Another point of failure is the rim, and if the recommended spoke tension is exceeded a spoke could pull through the rim, but if the spoke tension is lower than the maximum allowed by the rim this is unlikely. It is also virtually impossible for the rim to fail due to vertical bending because rims are very strong and stiff in the radial direction. In fact, the spoke above the point of ground contact would slacken completely long before the rim would fail this way, however, a common way for wheels to fail is for the rim to bend outwards, either to the point of complete failure (a ‘tacoed’ rim), or to the point where there is not enough adjustability in the spokes to properly retrue a damaged rim. This does not generally occur during use because rims are engineered to resist the forces encountered during normal cycling, but is a very common failure mode for wheels which are damaged in a collision or car accident.

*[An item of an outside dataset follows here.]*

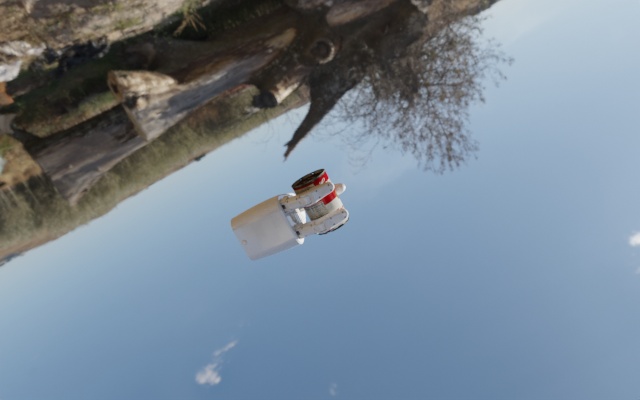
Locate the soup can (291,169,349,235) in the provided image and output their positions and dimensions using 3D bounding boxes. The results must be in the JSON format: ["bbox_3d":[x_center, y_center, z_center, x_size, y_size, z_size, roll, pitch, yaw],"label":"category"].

Like spokes, rims accumulate fatigue damage throughout the life of the wheel, and rims do sometimes fail due to fatigue – however, the fatigue life of rims is generally much higher than that of spokes. This means that spokes will start breaking much before the rim breaks due to fatigue, and a wheel which fails this way can typically relaced with new spokes and the same rim and still have a significant service life. In general, rims are engineered for a certain weight capacity, impact resistance, and fatigue life, and should not fail under normal use as long as the allowed weight is not exceeded.

The last possible point of component failure is, of course, the hub. Hubs, like rims, are generally engineered such that they shouldn’t fail under normal use either. In general, hubs are also simply not particularly significant when it comes to the overall strength and structural performance of a wheel (or particularly sensitive to fatigue) because they don’t really flex the way spokes and rims do as a wheel turns.

The one exception is wheels built with a radial lacing pattern, because in this case the spokes pull perpendicular to the hub flanges. This is the weakest direction because there is the least amount of material between the spoke hole and the edge of the flange, and certain hubs are not rated to allow radial lacing. I don’t agree with radial lacing on principle for a number of strength related reasons, one of which is potential hub failure – but if you are considering lacing a bicycle wheel radially I would highly recommend proceeding with caution and doing some research first.

Torsion

In general, bicycle spokes are very good at transmitting forces straight along their length, either through tension (pulling), or, if a spoke is pre-tensioned, through a reduction in tension, which can also be thought of as a virtual compressive (pushing) force. But because they are so slender, they are not good at transmitting forces through bending. This means that the most efficient way to carry the static weight of the bike is with the spokes laced as straight as possible between the hub and the rim, as it would be with a radial lacing pattern, because this puts the spoke between the hub and the ground exactly in line with gravity.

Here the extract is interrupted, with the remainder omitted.